Para Jungerman et al (2012), a especialidade médica com mais distúrbios em relação as substâncias é a Anestesiologia, considerando esta ocupação como um fator de risco, devido ao grande contato com fármacos e ao fácil acesso a estes.

Causas

Em alinhamento com Martins e Zeitoune (2007), para se falar das causas que levam ao uso abusivo de substâncias químicas, se faz necessário derrubar o conceito de que é o indivíduo que faz a escolha de estar em tal situação, pelo contrário, não é escolha, é um problema de saúde, e como qualquer outro, possui seus fatores de risco.

Para tanto, esses fatores de risco podem determinar o surgimento do problema e/ou sua piora, entre eles, pode-se citar as particularidades pessoais, contextos ambientais, comorbidades prévias e transições durante todo o processo (MARTINS e ZEITOUNE, 2007).

Por meio da análise dos estudos de Martins e Zeitoune (2007) e Tomasi et al (2007) e concordando com Jungerman et al (2012), o uso imoderado de substâncias, entre elas, medicamentos, tem estreita relação com doenças prévias, das quais se destacam as cefaleias tensionais e os distúrbios de cunho psiquiátrico, em especial os transtornos de personalidade.

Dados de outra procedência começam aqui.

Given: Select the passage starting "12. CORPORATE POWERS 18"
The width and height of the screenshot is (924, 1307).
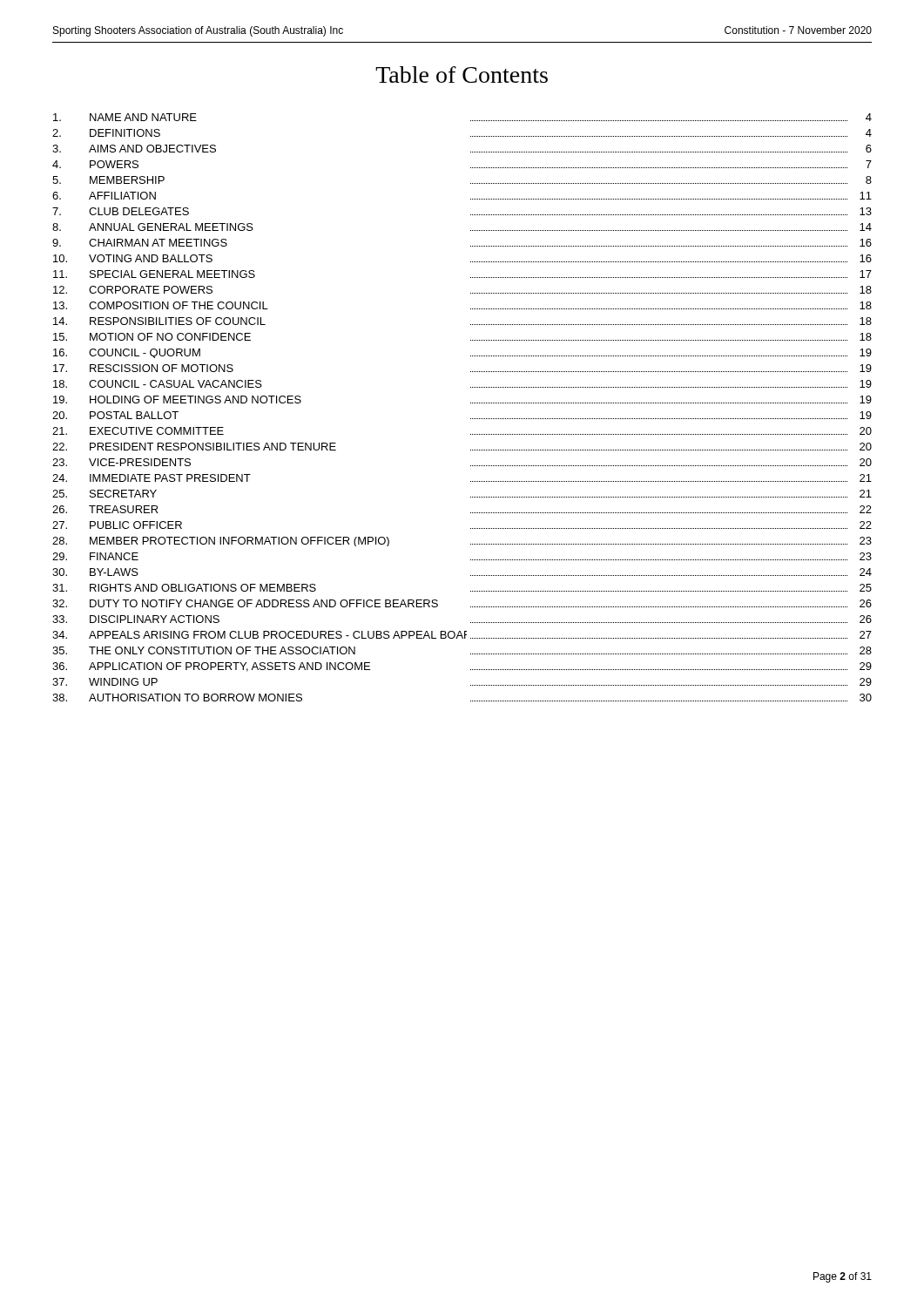Looking at the screenshot, I should tap(462, 290).

Em decorrência do enquadramento acima exposto, indivíduos recorrem ao método da automedicação, sem nenhum acompanhamento especializado, para alívio dos sintomas, utilizando-se exorbitantemente de medicamentos como os antiinflamatórios não-esteroides (AINES), estimulantes, opioides e anfetaminas, sendo esta postura um fator determinante para o posterior uso ilícito e dependência (OLIVEIRA e PELÓGIA, 2011).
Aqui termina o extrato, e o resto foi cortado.